Before I ask, I want to tell you that I am beginner in limits, so you may find some problems in my understanding.
Let's assume a function $f(x) = 15-2x^2$. We want to know how the function behaves at $x=1$. Specifically, we want to know the slope of tangent line at $x=1$.
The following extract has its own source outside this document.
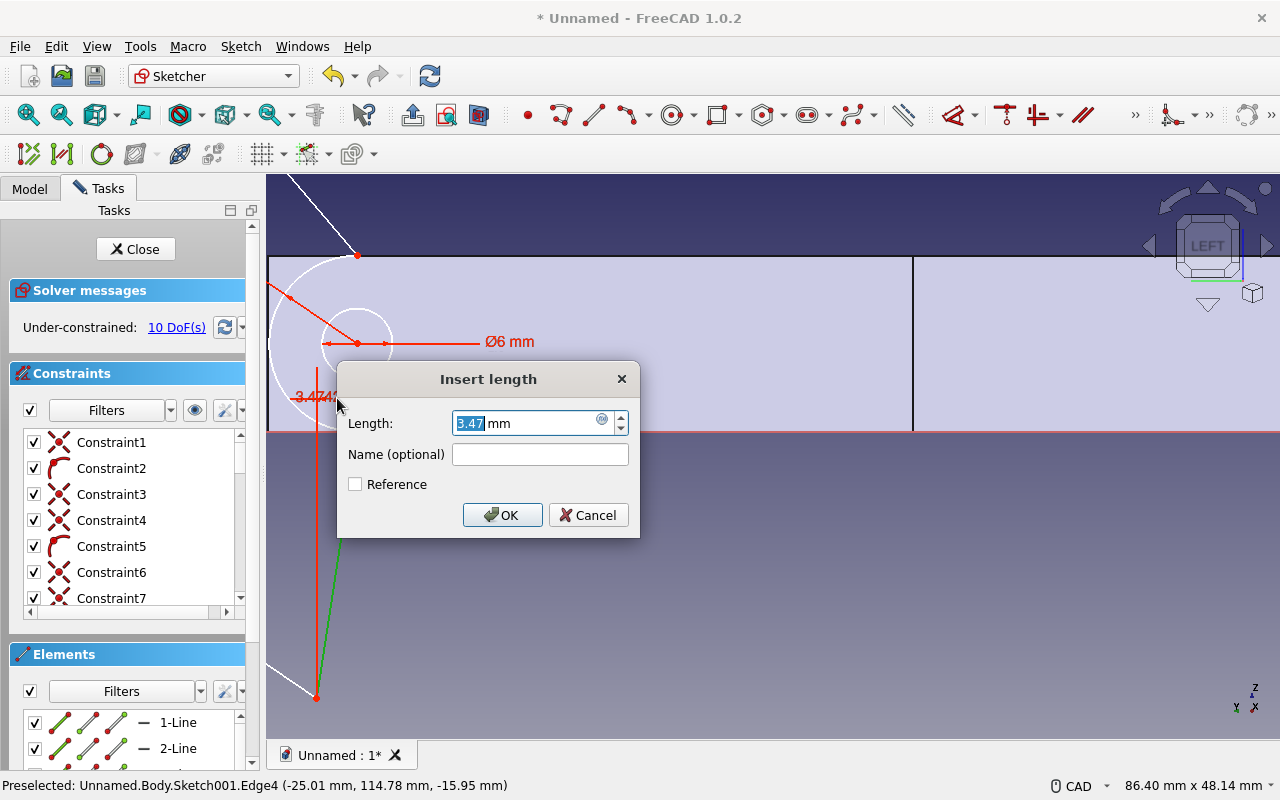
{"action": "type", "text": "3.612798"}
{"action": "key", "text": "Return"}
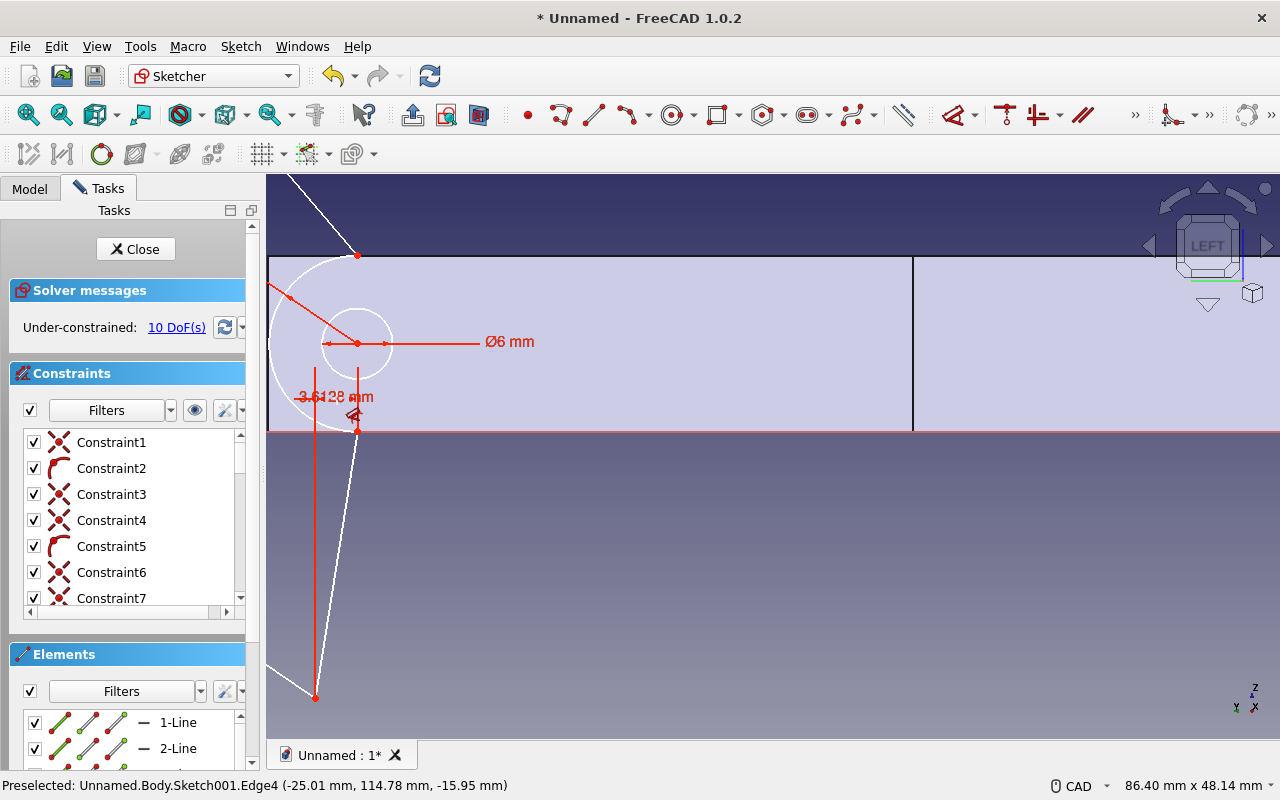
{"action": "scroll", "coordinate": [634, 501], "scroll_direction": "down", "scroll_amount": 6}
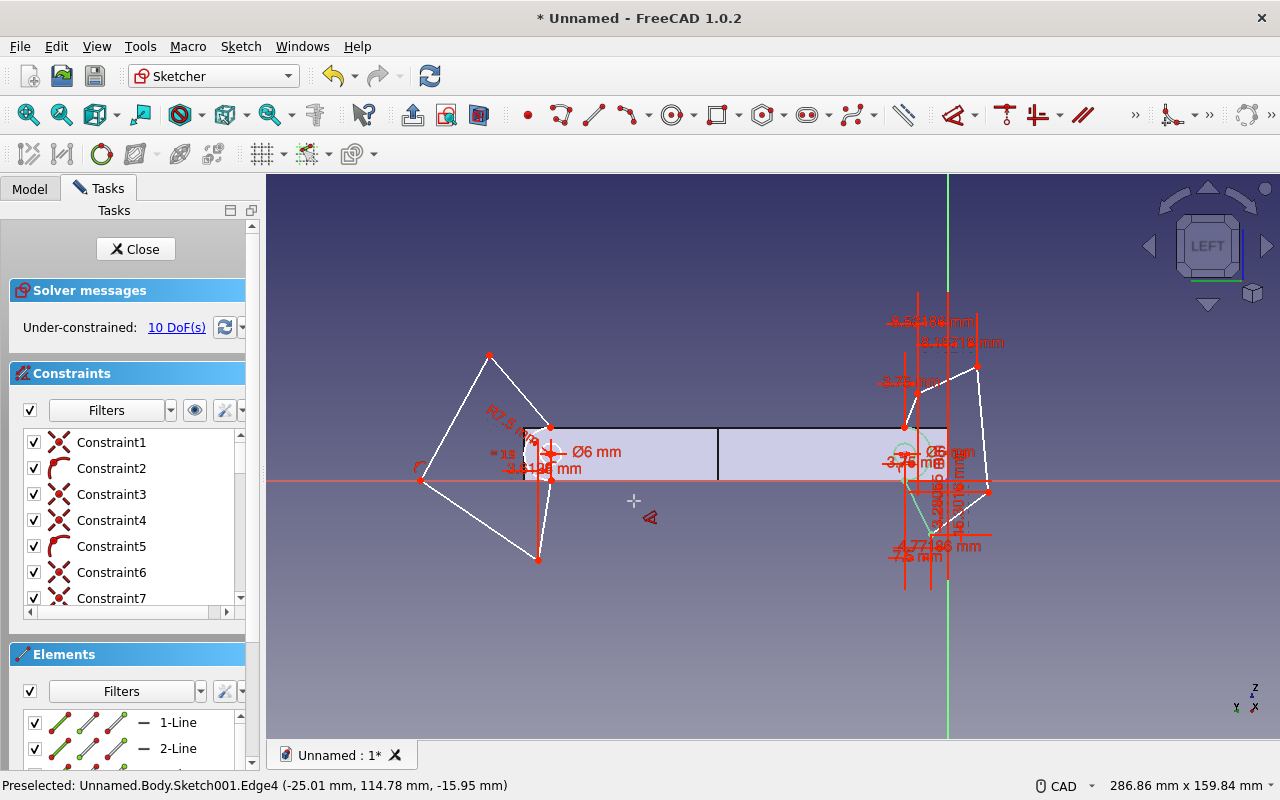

Simply, we get a good formula for that by doing this: $$m=\frac{f(1)-f(x)}{x-1}.$$ Then we get the equation $$m=\frac{2-2x^2}{x-1}.$$
Now we have to take the limit to find the slope of the tangent line, $$\lim_{x\to 1} \frac {2-2x^2}{x-1}.$$
To solve this we simplify it like this :\begin{align} \lim_{x\to 1} \frac {2-2x^2}{x-1} =& \lim_{x\to 1}\frac {-2(x-1)(x+1)}{(x-1)} \\ =& \lim_{x\to 1}-2(x+1) \\ =& -2(1)-2 \\ =& -4 \end{align}
In algebra class when we had a fraction and we wanted to cancel something we always say $x \ne a$. For instance $\frac {1}{x-1}$. Here $x \ne 1$, because $x-1$ would be zero.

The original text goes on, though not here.